[[ DATASET RECORDS open ]]

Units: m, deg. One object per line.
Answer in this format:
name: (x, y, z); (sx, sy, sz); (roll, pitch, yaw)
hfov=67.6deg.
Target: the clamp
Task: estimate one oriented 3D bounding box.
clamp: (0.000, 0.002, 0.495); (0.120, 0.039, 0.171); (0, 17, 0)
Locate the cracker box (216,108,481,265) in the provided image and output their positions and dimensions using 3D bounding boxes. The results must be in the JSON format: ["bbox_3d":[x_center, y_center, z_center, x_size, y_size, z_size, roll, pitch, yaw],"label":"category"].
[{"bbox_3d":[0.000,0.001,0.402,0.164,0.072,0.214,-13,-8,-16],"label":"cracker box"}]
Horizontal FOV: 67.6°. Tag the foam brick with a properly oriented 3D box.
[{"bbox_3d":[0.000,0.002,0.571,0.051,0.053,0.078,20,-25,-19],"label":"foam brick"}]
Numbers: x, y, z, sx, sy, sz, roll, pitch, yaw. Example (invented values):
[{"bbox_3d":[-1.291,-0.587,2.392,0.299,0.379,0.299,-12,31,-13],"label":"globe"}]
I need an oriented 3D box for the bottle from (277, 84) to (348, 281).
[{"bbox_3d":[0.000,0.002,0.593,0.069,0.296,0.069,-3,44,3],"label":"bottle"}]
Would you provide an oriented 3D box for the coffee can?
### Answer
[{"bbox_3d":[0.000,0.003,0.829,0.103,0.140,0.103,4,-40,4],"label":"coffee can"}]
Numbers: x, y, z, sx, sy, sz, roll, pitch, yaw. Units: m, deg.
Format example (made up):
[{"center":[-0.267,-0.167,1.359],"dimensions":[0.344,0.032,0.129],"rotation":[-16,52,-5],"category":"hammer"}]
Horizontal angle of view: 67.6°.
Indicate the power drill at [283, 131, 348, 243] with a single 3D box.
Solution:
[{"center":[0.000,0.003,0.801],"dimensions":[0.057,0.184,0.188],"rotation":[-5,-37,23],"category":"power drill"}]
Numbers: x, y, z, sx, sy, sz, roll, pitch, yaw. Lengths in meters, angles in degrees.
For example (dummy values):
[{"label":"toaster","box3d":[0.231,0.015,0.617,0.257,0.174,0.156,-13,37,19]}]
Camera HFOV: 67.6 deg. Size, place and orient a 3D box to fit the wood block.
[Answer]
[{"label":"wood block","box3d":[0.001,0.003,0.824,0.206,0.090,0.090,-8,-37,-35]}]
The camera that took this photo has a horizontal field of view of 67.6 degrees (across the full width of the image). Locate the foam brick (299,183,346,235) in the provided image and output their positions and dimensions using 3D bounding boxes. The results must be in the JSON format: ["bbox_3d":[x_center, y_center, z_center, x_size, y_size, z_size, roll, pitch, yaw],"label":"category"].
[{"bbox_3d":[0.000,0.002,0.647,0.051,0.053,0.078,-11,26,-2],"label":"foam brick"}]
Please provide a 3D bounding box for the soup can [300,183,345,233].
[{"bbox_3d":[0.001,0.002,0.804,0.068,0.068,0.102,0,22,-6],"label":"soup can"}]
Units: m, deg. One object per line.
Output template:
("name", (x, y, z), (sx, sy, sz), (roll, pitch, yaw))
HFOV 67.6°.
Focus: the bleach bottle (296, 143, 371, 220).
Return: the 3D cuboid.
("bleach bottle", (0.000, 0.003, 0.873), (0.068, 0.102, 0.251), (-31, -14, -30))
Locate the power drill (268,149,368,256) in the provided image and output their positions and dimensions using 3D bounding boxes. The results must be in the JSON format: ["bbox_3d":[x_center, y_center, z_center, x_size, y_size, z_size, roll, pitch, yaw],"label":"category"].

[[ DATASET RECORDS closed ]]

EXERCISE AIM: Every line above that includes the string "values" needs to be copied.

RESPONSE TO THIS EXERCISE:
Numbers: x, y, z, sx, sy, sz, roll, pitch, yaw. Example (invented values):
For example (dummy values):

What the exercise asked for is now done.